Problem description: Take the lines below beginning at the line that has "Wanted: one 3D bounding box enclosing the person from (871, 602)" and stopping after the line that has "Wanted: one 3D bounding box enclosing the person from (803, 586)", and print them exactly as they are, with no other lines.

Task inputs:

★ ★ ★ ★ ★

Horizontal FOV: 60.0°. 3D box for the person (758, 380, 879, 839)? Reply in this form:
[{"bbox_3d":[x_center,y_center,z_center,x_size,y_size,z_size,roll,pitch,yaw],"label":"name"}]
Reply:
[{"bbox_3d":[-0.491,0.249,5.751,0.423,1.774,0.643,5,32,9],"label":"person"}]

★ ★ ★ ★ ★

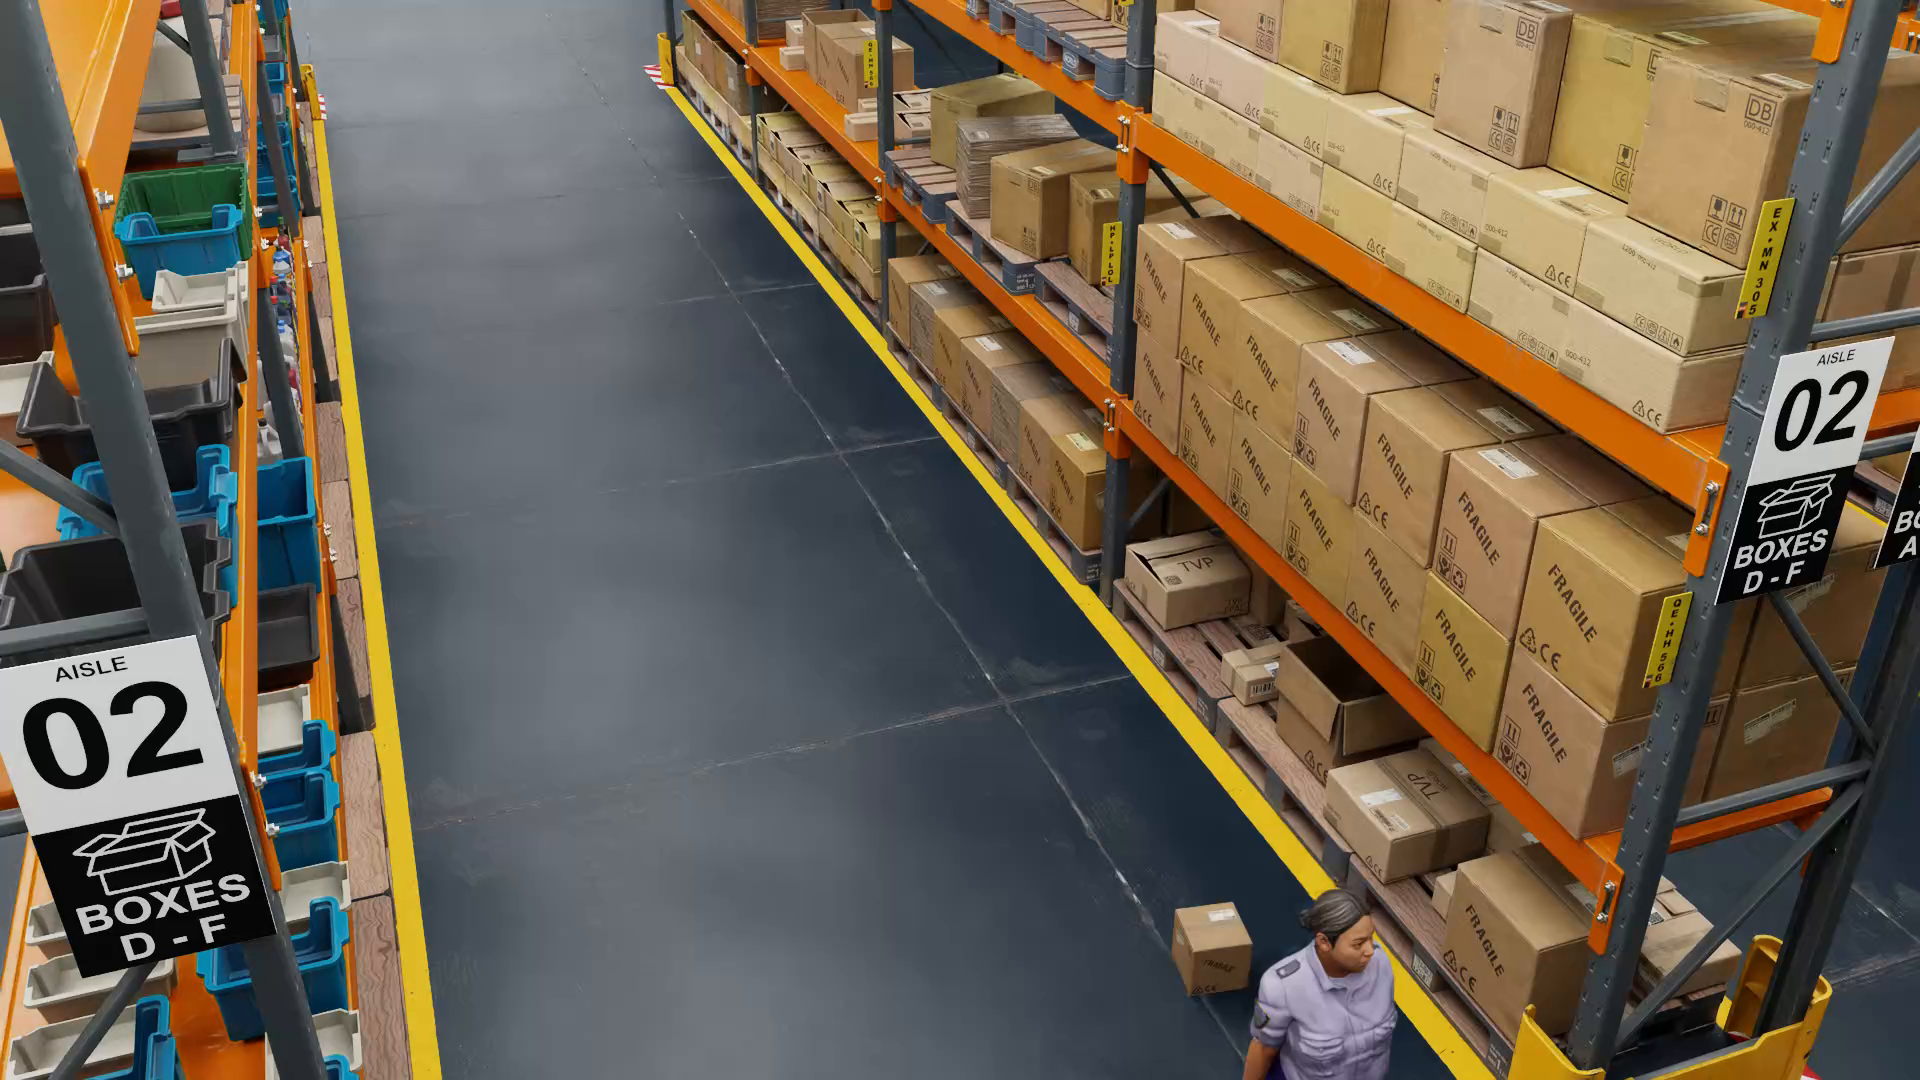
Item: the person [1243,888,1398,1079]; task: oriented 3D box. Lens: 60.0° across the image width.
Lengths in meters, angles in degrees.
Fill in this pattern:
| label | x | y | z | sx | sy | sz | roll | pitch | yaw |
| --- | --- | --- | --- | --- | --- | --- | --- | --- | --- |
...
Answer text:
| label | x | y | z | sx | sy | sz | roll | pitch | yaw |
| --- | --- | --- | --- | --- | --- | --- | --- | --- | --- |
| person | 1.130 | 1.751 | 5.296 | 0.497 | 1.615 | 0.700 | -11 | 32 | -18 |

★ ★ ★ ★ ★

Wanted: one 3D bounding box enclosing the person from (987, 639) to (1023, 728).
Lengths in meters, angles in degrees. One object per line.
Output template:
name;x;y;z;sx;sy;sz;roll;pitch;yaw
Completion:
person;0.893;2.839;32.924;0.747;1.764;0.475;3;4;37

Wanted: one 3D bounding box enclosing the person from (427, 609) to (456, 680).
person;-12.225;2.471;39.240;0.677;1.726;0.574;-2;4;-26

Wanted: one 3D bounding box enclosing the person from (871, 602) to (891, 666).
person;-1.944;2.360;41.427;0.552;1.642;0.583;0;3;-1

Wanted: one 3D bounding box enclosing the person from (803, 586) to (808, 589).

★ ★ ★ ★ ★

Answer space:
Wanted: one 3D bounding box enclosing the person from (871, 602) to (891, 666).
person;-1.944;2.360;41.427;0.552;1.642;0.583;0;3;-1

Wanted: one 3D bounding box enclosing the person from (803, 586) to (808, 589).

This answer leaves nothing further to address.